Explain how to write a quadratic equation given the following three points on the graph (5,31) (3,11) (0,11)

masha68 [24]

Given:

The graph of a quadratic function passes through the points (5,31) (3,11) (0,11).

To find:

The equation of the quadratic function.

Solution:

A quadratic function is defined as:

$y=ax^2+bx+c$ ...(i)

It is passes through the point (0,11). So, substitute $x=0,y=11$ in (i).

$11=a(0)^2+b(0)+c$

$11=c$

Putting $c=11$ in (i), we get

$y=ax^2+bx+11$ ...(ii)

The quadratic function passes through the point (5,31). So, substitute $x=5,y=31$ in (ii).

$31=a(5)^2+b(5)+11$

$31-11=a(25)+5b$

$20=25a+5b$

Divide both sides by 5.

$4=5a+b$ ...(iii)

The quadratic function passes through the point (3,11).

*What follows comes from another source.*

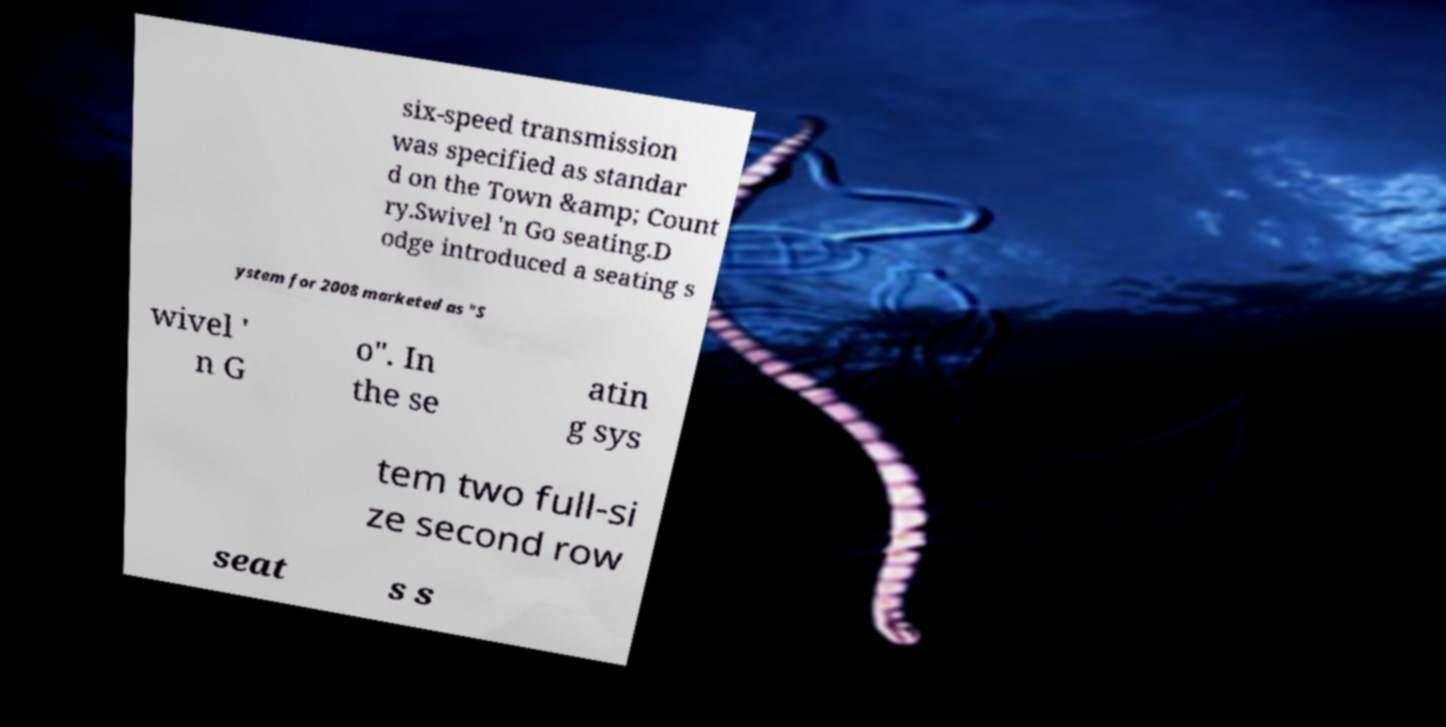I need the written content from this picture converted into text. Can you do that? six-speed transmission was specified as standar d on the Town &amp; Count ry.Swivel 'n Go seating.D odge introduced a seating s ystem for 2008 marketed as "S wivel ' n G o". In the se atin g sys tem two full-si ze second row seat s s

So, substitute $x=3,y=11$ in (ii).

$11=a(3)^2+b(3)+11$

$11-11=a(9)+3b$

$0=9a+3b$

Divide both sides by 3.

$0=3a+b$ ...(iv)

Subtracting (iv) from (iii), we get

$4-0=5a+b-3a-b$

$4=2a$

$\dfrac{4}{2}=a$

$2=a$

Putting $a=2$ in (iv), we get

$0=3(2)+b$

$0=6+b$

$-6=b$

Putting $a=2,b=-6$ in (ii), we get

$y=(2)x^2+(-6)x+11$

$y=2x^2-6x+11$

Therefore, the required quadratic equation is $y=2x^2-6x+11$ .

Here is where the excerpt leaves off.